For every pair of a node v and an ancestor u, we want to maximize:
abs(v.val - u.val)We need to return the maximum such value over all valid ancestor-descendant pairs.
The official constraints state that the number of nodes is in [2, 5000] and 0 <= Node.val <= 10^5.
Input and Output
| Item | Meaning |
|---|---|
| Input | Root of a binary tree |
| Output | Maximum absolute difference between any node and its ancestor |
Function shape:
def maxAncestorDiff(root: Optional[TreeNode]) -> int:
...Examples
Example 1:
root = [8, 3, 10, 1, 6, None, 14, None, None, 4, 7, 13]Some ancestor-descendant pairs:
| Ancestor | Node | Difference |
|---|---|---|
| 8 | 1 | 7 |
| 3 | 7 | 4 |
| 8 | 14 | 6 |
Maximum: 7.
Answer:
7Key Insight
For any root-to-leaf path, the maximum difference between a node and one of its ancestors is achieved by the pair (max_along_path, min_along_path).

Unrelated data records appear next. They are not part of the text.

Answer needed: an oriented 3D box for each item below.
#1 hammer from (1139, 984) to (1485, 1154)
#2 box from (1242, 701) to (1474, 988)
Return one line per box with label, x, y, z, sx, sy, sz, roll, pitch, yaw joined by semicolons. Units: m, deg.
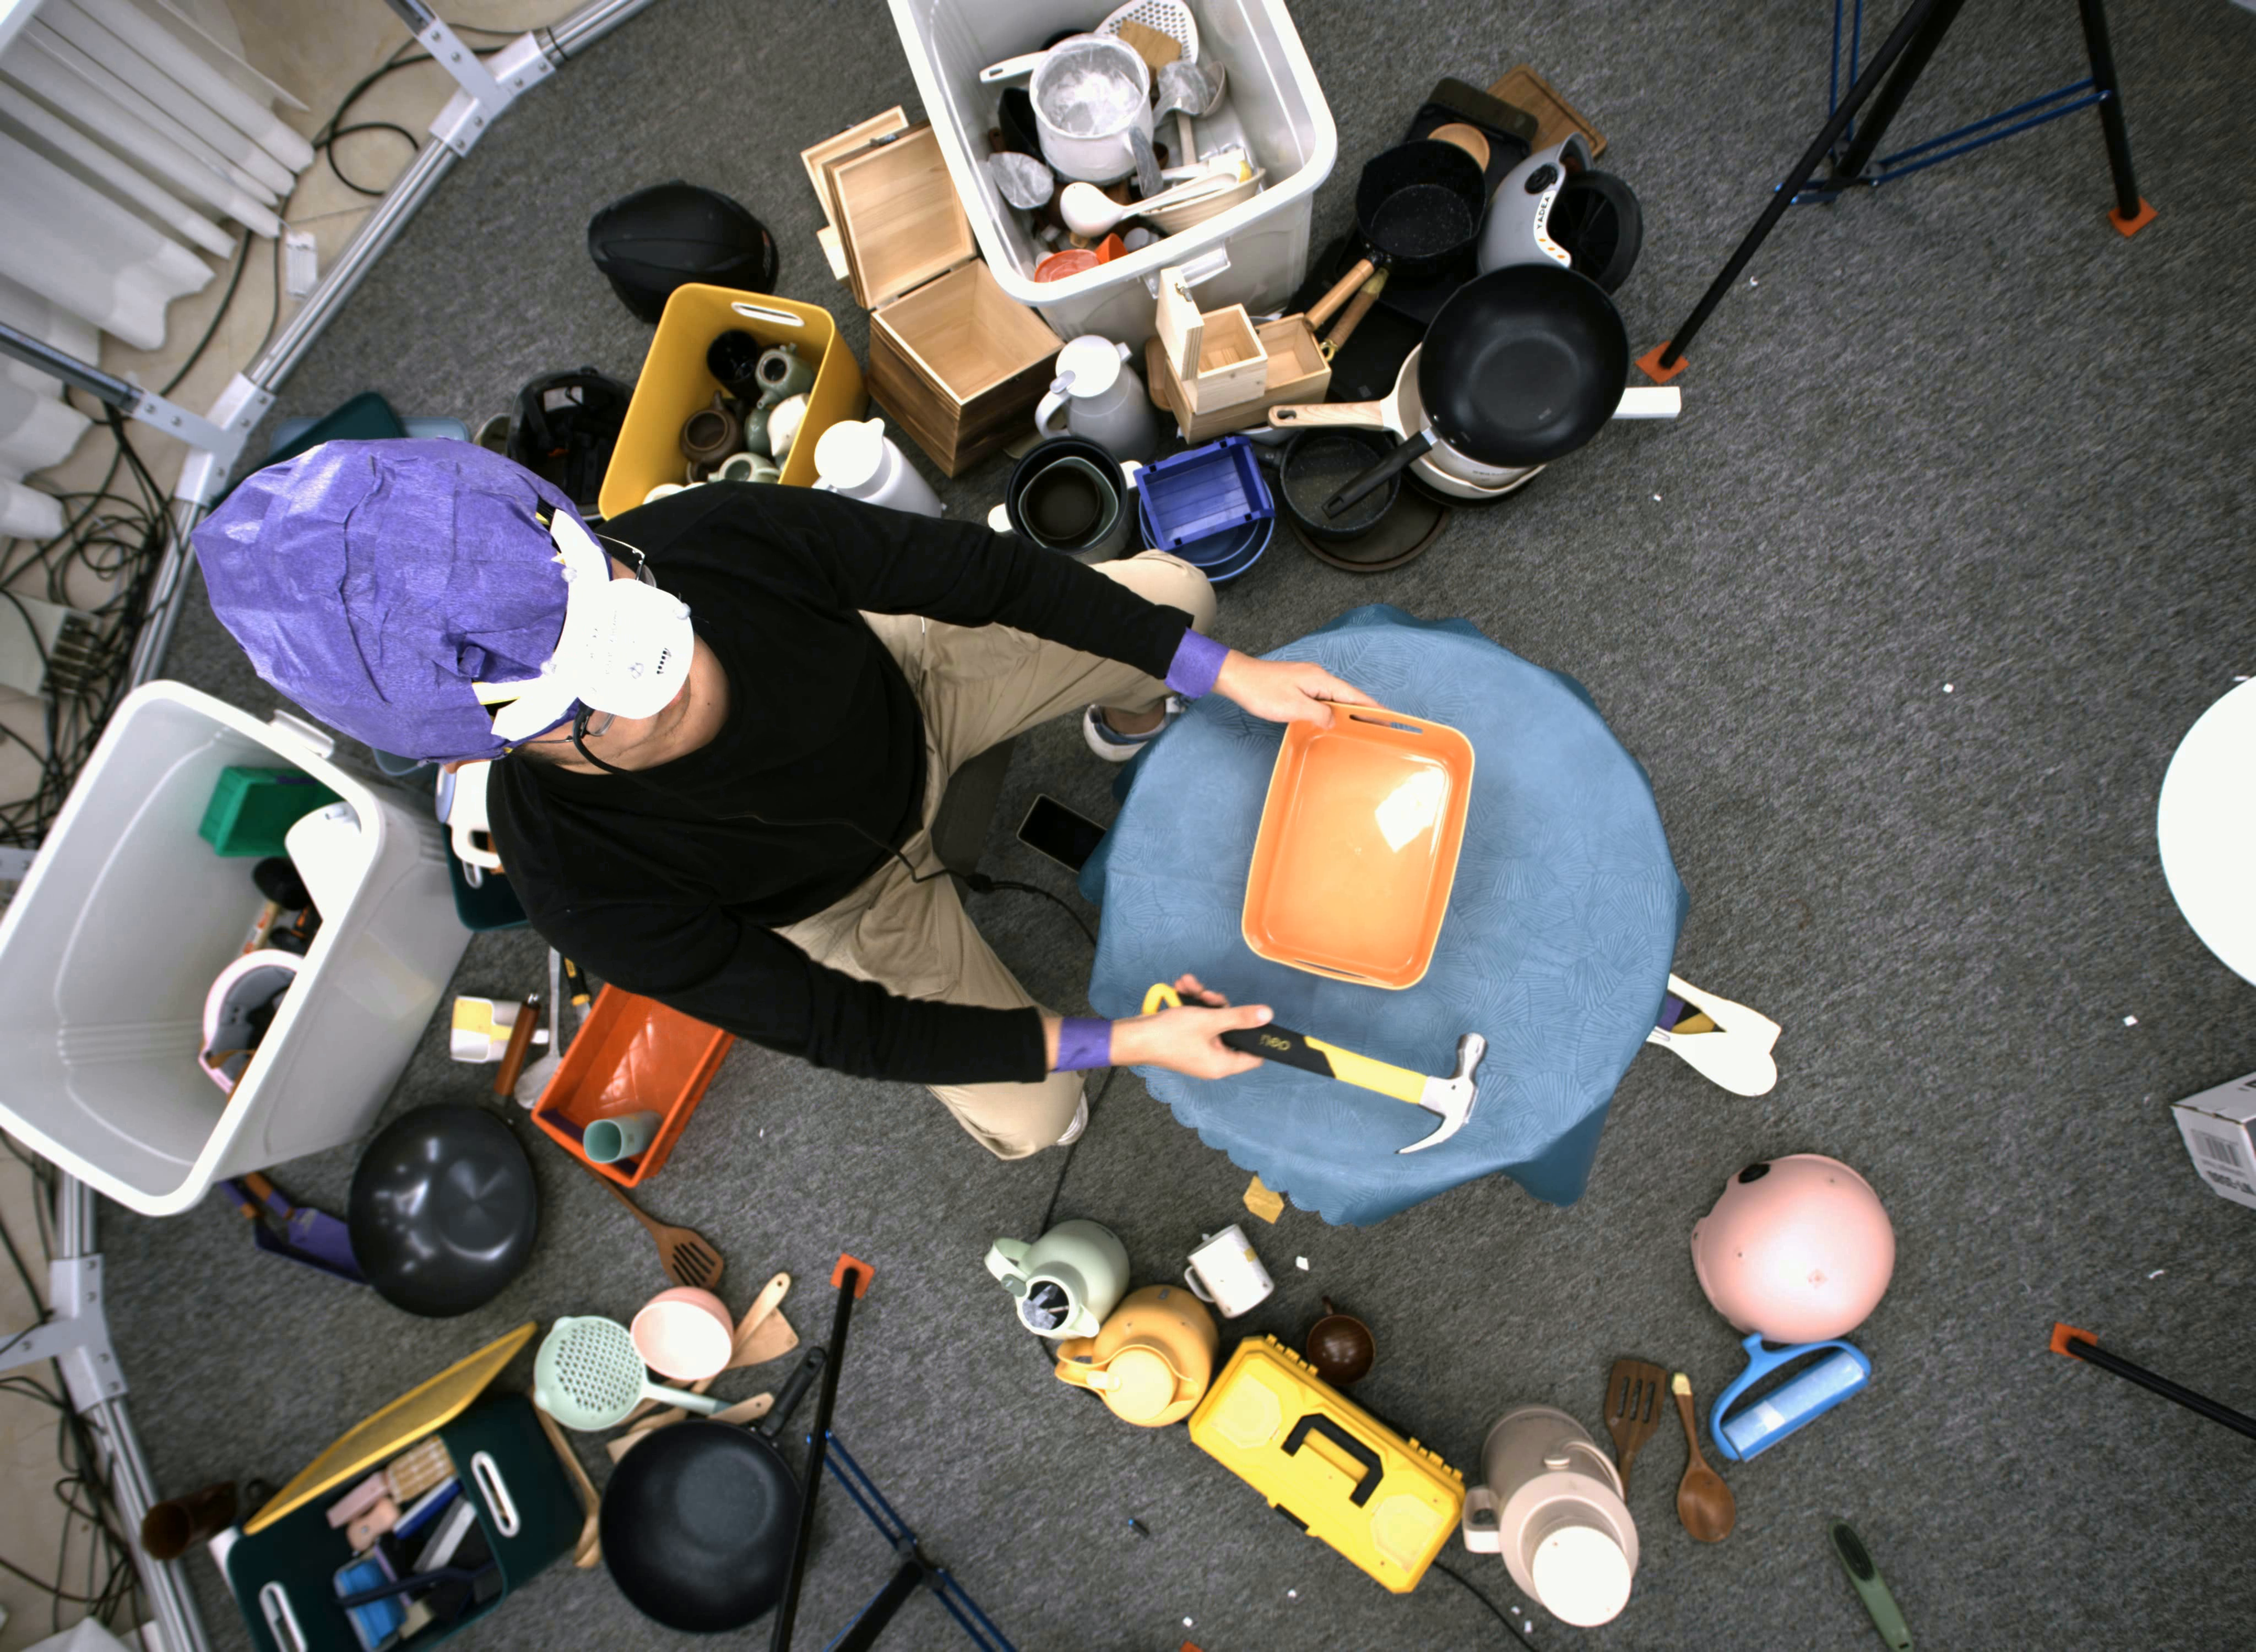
hammer;0.173;0.224;1.376;0.339;0.032;0.130;17;78;10
box;0.236;0.021;1.418;0.200;0.102;0.272;13;89;12

So we do a DFS while tracking the current minimum and maximum values seen on the path from the root.
At each leaf, compute max - min and update the global answer.
Algorithm
Define dfs(node, cur_min, cur_max):
- If
nodeisNone, returncur_max - cur_min. - Update
cur_min = min(cur_min, node.val)andcur_max = max(cur_max, node.val). - Return
max(dfs(node.left, cur_min, cur_max), dfs(node.right, cur_min, cur_max)).
Correctness
At each node, cur_min and cur_max hold the minimum and maximum values of all ancestors plus the node itself on the current path.
The maximum difference that uses an ancestor from this path is cur_max - cur_min.
Since every node is visited, every ancestor-descendant pair is considered.
Edge Cases
- A missing child should not contribute a fake value to min/max or path computations.
- Leaf nodes often define the base case; verify the behavior on a single-node tree.
- When passing state down the tree, update it before visiting children that depend on the current node.
Complexity
| Metric | Value | Why |
|---|---|---|
| Time | O(n) | Visit every node once |
| Space | O(h) | Recursion stack of tree height |
Common Pitfalls
- Do not optimize away the invariant; the code should still make it clear what condition is being maintained.
- Prefer problem-specific names over one-letter variables once the logic becomes stateful.
Implementation
from typing import Optional
class Solution:
def maxAncestorDiff(self, root: Optional[TreeNode]) -> int:
def dfs(node, cur_min, cur_max):
if node is None:
return cur_max - cur_min
cur_min = min(cur_min, node.val)
cur_max = max(cur_max, node.val)
return max(dfs(node.left, cur_min, cur_max), dfs(node.right, cur_min, cur_max))
return dfs(root, root.val, root.val)Testing
def run_tests():
s = Solution()
root = TreeNode(8, TreeNode(3, TreeNode(1), TreeNode(6, TreeNode(4), TreeNode(7))), TreeNode(10, None, TreeNode(14, TreeNode(13))))
assert s.maxAncestorDiff(root) == 7
root2 = TreeNode(1, None, TreeNode(2, None, TreeNode(0, TreeNode(3))))
assert s.maxAncestorDiff(root2) == 3
print("all tests passed")
run_tests()| Test | Expected | Why |
|---|---|---|
| Standard tree | 7 | Pair (8, 1) |
| Right-skewed | 3 | The maximum ancestor-descendant difference is between ancestor 0 and descendant 3 |